There were lots of tears shed. My face was raw, my mind weighed with indecision. My poor father, having to see me like that and knowing there was nothing he could do. Some dads aren't even interested in their kids' horses. He wasn't one of those dads. He trailered me places, came to watch me ride, even nicknamed my horses "the mules" with all fondness intended. He was one of the very few men Dream did not fear.
There was one point I recall saying I couldn't go through with it. I was ready to put him on the trailer and take him home, screw what anyone was saying, I would MAKE it be ok. Fortunately, I was, in the end, able to be strong and do what was best for him. Seeing him one more time before I finalized my decision was something I needed to do. He was there, yes. His eyes were open and there was life in them, but it was clouded with pain and there was no spark. He ate grain in his last moments, he had me squeezing him and hugging him and wiping my tears on his neck, telling him what a good horse he was and how much I loved him and would miss him. I remember telling him how much I loved our first gallop together, and how sorry I was that I was too chicken to do it again, the same with jumping. He took care of me and made sure I was safe and I was too scared to do those things again...now I will never have the chance to retry.
Saying all this, I would like to remind everyone to go and hug your horse, your cat, your dog, your friends, family, or SO. Never take them for granted, or figure there is always tomorrow, or always next year to go on that hack, to win that ribbon, to spend time with them.
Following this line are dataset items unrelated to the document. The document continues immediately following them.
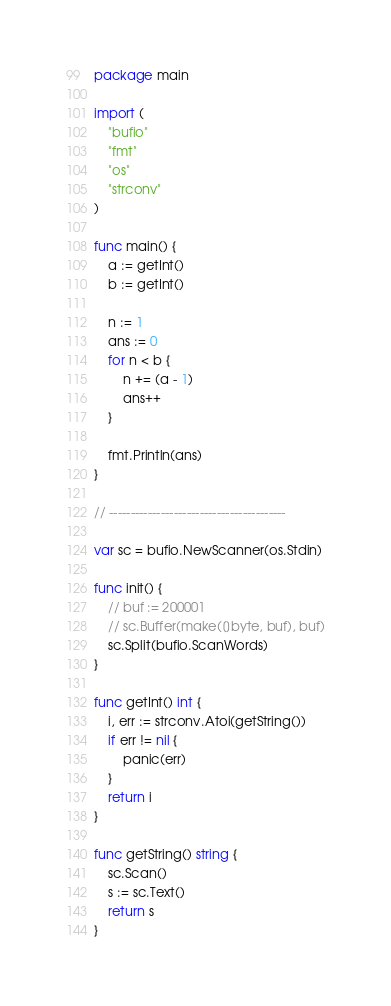<code> <loc_0><loc_0><loc_500><loc_500><_Go_>package main

import (
	"bufio"
	"fmt"
	"os"
	"strconv"
)

func main() {
	a := getInt()
	b := getInt()

	n := 1
	ans := 0
	for n < b {
		n += (a - 1)
		ans++
	}

	fmt.Println(ans)
}

// -----------------------------------------

var sc = bufio.NewScanner(os.Stdin)

func init() {
	// buf := 200001
	// sc.Buffer(make([]byte, buf), buf)
	sc.Split(bufio.ScanWords)
}

func getInt() int {
	i, err := strconv.Atoi(getString())
	if err != nil {
		panic(err)
	}
	return i
}

func getString() string {
	sc.Scan()
	s := sc.Text()
	return s
}
</code> 
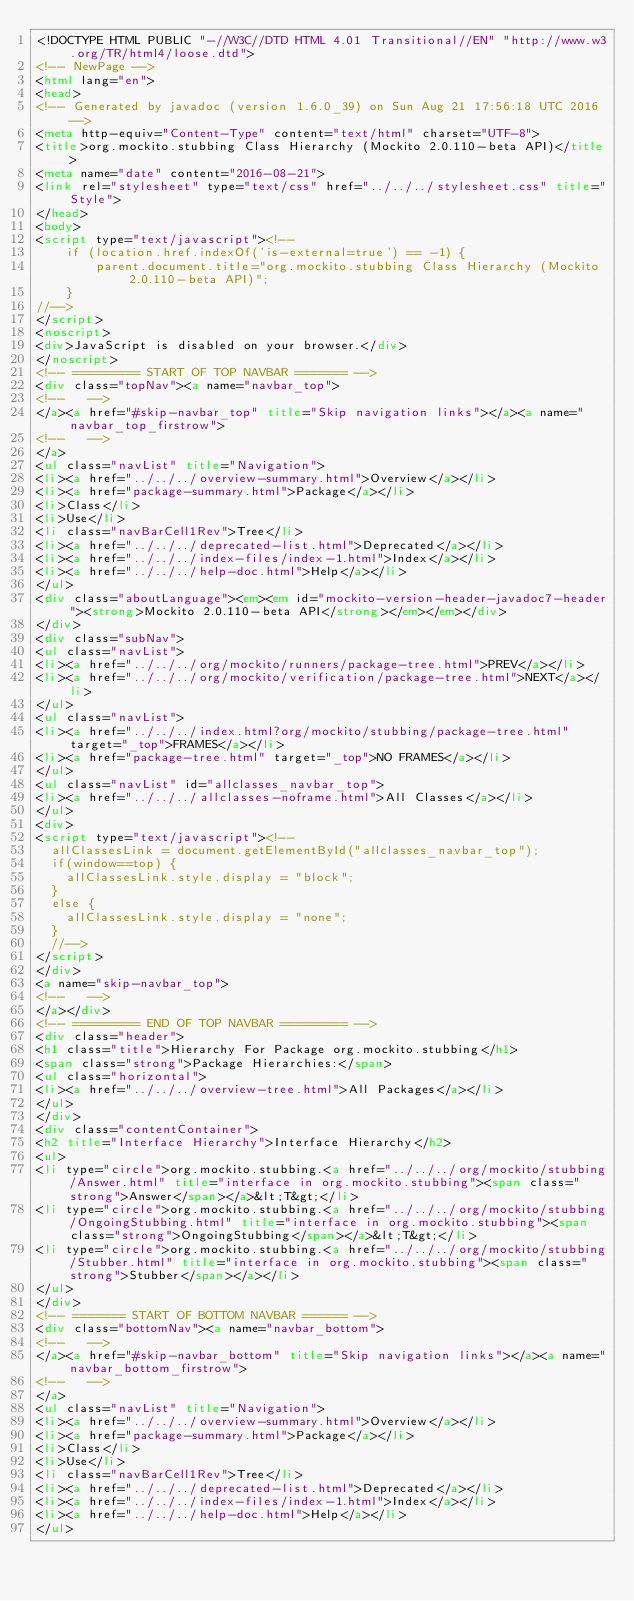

Tomorrow always comes, but those times may not be within reach then. I am amazed at how dumbfounded I was, how oblivious, and how shocked I am that there won't BE a tomorrow for Dream and I. There won' be a next week to go for a gallop, there won't be a next month to try jumping again, there won't be a next year to show and win ribbons and just BE together.
He passed at 7pm, January 26, 2007. May he rest in peace, may he agree with the decision I've made, and may my heart, one day, stop breaking.